In the treatment of form in general, the sonatas exhibit a series of different experiments, which are of emotional interest. His other chamber music—the Violin Sonatas, the Trios, and all the rest, to which I now only allude—could not accomplish the suppression of form like the free, pure piano-pieces. The great Fantasia for chorus, orchestra, and piano (the latter treated in concerto fashion), which we value as an anticipation of the Ninth Symphony, was unique in its disregard of rule. Psychologically viewed, the sonata-form is much richer in content, and unravels the most wonderful mazes. Here is the history of the re-constituted sonata-form; a history which is too complicated to run in a straight line.

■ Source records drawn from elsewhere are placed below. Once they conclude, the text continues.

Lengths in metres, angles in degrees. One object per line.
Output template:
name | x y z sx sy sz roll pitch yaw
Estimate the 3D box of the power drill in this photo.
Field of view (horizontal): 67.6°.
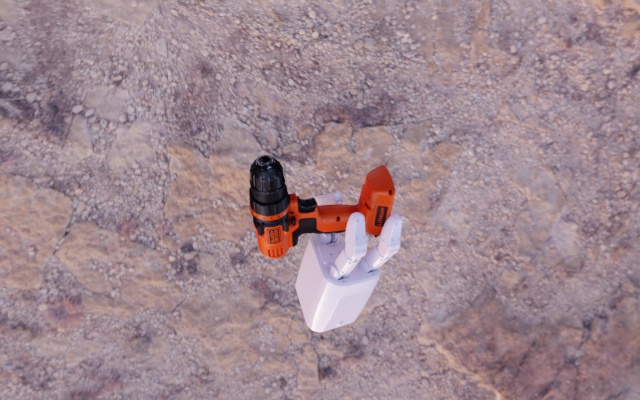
power drill | 0.001 0.002 0.636 0.187 0.057 0.185 -7 -38 -7
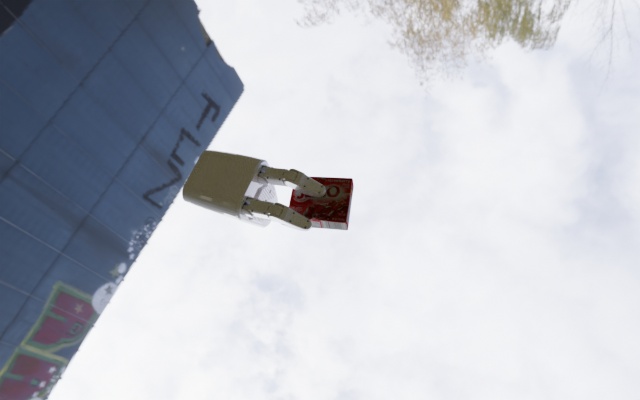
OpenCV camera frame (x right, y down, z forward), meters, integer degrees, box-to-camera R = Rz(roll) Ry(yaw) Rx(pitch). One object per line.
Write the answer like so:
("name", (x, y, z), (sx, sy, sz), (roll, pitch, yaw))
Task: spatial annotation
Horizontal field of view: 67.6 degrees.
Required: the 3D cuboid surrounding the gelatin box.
("gelatin box", (0.001, 0.003, 0.694), (0.089, 0.073, 0.030), (4, -28, 12))
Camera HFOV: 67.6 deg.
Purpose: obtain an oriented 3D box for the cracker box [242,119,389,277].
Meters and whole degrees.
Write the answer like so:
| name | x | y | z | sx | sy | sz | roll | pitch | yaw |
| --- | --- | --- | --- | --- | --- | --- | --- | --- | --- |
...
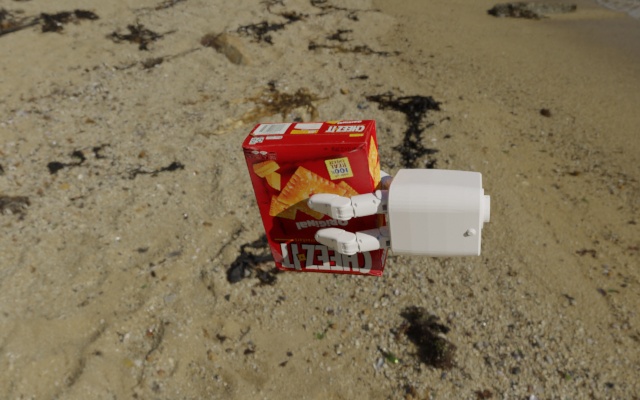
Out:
| name | x | y | z | sx | sy | sz | roll | pitch | yaw |
| --- | --- | --- | --- | --- | --- | --- | --- | --- | --- |
| cracker box | 0.000 | 0.002 | 0.648 | 0.164 | 0.214 | 0.072 | 1 | 34 | 18 |
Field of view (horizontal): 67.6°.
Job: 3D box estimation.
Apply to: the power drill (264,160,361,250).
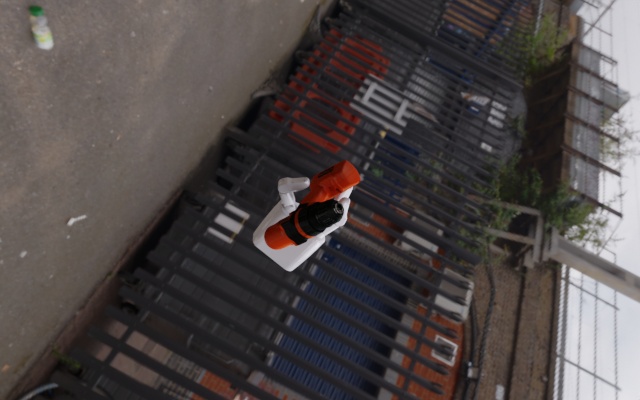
[{"bbox_3d":[0.000,0.003,0.850,0.184,0.057,0.187,-24,17,42],"label":"power drill"}]
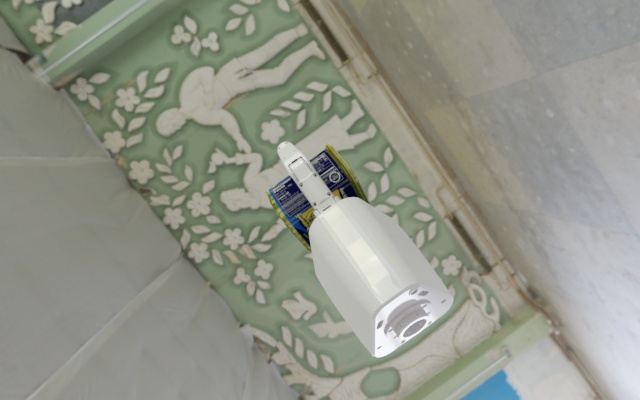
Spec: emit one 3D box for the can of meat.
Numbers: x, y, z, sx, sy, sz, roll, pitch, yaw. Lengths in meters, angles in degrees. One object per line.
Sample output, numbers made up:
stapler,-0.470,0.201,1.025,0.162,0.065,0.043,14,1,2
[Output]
can of meat,0.000,0.002,0.508,0.084,0.057,0.102,-36,-33,-1
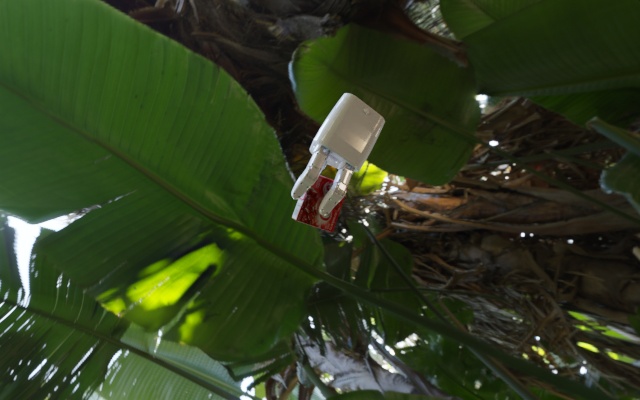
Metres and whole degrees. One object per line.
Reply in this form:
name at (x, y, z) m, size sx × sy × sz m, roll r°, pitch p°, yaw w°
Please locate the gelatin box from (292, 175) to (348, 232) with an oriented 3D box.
gelatin box at (0.000, 0.003, 0.842) m, size 0.073 × 0.089 × 0.030 m, roll 19°, pitch 1°, yaw -21°
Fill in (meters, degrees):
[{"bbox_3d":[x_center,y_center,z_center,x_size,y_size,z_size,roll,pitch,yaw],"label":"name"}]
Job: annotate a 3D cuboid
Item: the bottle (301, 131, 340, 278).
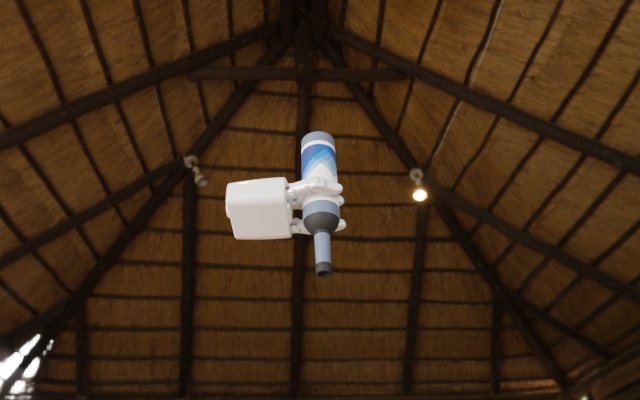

Down to Op. 10 on the whole we stand on the classical ground of the sonata. In the three Sonatas, Op. 10, appear the first important irregularities. Both in the first and in the second Sonatas there is, in the “free” part, a quite new theme introduced, which points to a definite design; and in the third we find that wonderful D minor movement, with its utter abandonment to melancholy, which by means of a stretto[114] in the Largo raises itself absolutely out of the contemporary style. Yet all this was new only in tone; it was no more absolutely new in idea than the Grave of the Pathétique or the Variation Sonata with its Marcia Funebre, where the middle section is introduced by means of realistic drum-reverberations.